There are so many ways to go from here, but let’s commence by making the most obvious point. First, as your grandparents have undoubtedly told you, there is a general lack of knowledge in the United States. People are dumber than ever, with trillions unable to communicate in anything more sophisticated than text-speak phrases like “sup,” “nm u” and “a/s/l pls.” According to research we just made up, few living humans still possess the ability to balance their checkbooks, remember the names of important presidents or complete intermediate-level Sudoku puzzles.

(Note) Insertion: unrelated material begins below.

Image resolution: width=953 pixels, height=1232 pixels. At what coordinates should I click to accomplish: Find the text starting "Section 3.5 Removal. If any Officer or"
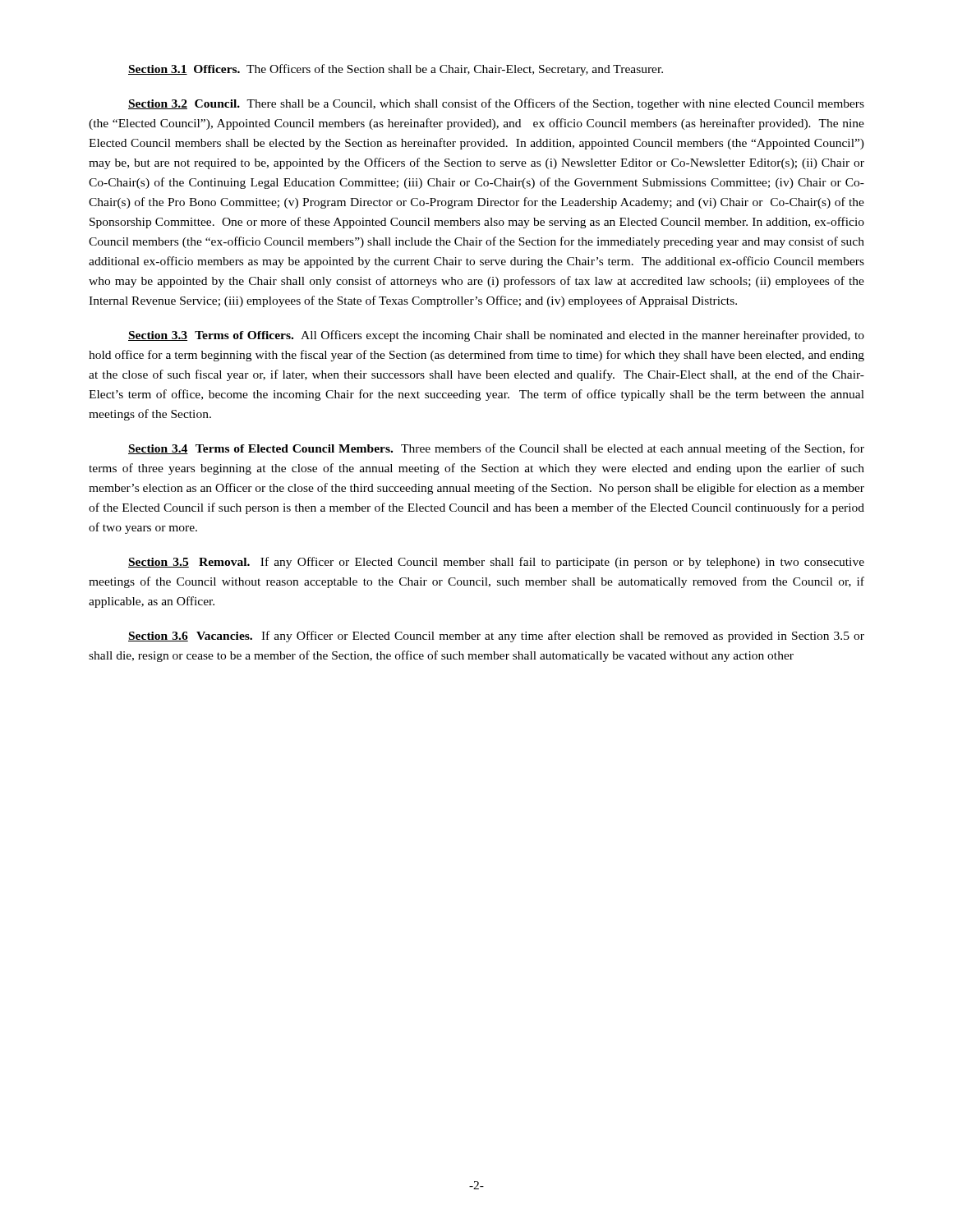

Why have people gotten so stupid? The answer, we think, rests with the educators. We’re sure you’ve heard about that documentary “Waiting for ‘Superman,’” which shows all the different ways that these lazybones are failing our students. American teachers, who earn salaries that would make even the great first baseman “Prince” Albert Pujols blush, have jobs that are so simple that a DVD player combined with a Scantron test grading machine could replace them with no drop-off in academic performance.

The best answer to this problem, then, is to fire all current teachers and start again from scratch. However, those public sector unions are standing in the way, trying to protect their members’ bloated pension plans and “Cadillac” health insurance packages. Can you name one good thing a union has done for anybody, ever, in the entire recorded history of mankind? Close your eyes and take a few minutes to think about this. While you’re doing that, we’re going to run out to Walmart, which refuses to allow its employees to organize, and avail ourselves of a great deal on Breathe Right nose strips ($3.77 for a package of 10!).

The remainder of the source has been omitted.